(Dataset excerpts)
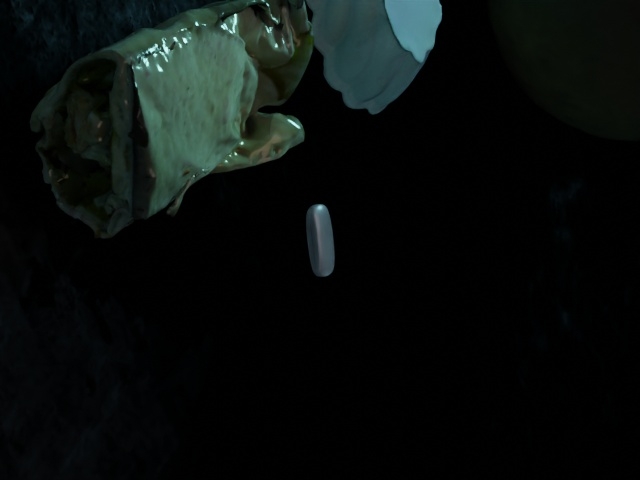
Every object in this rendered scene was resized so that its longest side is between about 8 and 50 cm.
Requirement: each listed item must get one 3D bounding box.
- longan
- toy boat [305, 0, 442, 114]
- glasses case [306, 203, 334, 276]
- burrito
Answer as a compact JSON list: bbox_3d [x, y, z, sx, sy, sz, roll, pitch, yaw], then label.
[{"bbox_3d":[0.398,-0.314,2.121,0.404,0.336,0.404,40,25,-24],"label":"longan"},{"bbox_3d":[0.066,-0.278,1.848,0.199,0.100,0.290,-62,138,-33],"label":"toy boat"},{"bbox_3d":[0.000,0.000,1.830,0.032,0.021,0.083,-22,109,-49],"label":"glasses case"},{"bbox_3d":[-0.131,-0.138,1.546,0.332,0.135,0.190,-33,126,-53],"label":"burrito"}]

■ **Task to carry out**
From the first line to the last, restate the entries exactly, without pictures.

■ **Output**
Every object in this rendered scene was resized so that its longest side is between about 8 and 50 cm.
Requirement: each listed item must get one 3D bounding box.
- longan
- toy boat [305, 0, 442, 114]
- glasses case [306, 203, 334, 276]
- burrito
Answer as a compact JSON list: bbox_3d [x, y, z, sx, sy, sz, roll, pitch, yaw], then label.
[{"bbox_3d":[0.398,-0.314,2.121,0.404,0.336,0.404,40,25,-24],"label":"longan"},{"bbox_3d":[0.066,-0.278,1.848,0.199,0.100,0.290,-62,138,-33],"label":"toy boat"},{"bbox_3d":[0.000,0.000,1.830,0.032,0.021,0.083,-22,109,-49],"label":"glasses case"},{"bbox_3d":[-0.131,-0.138,1.546,0.332,0.135,0.190,-33,126,-53],"label":"burrito"}]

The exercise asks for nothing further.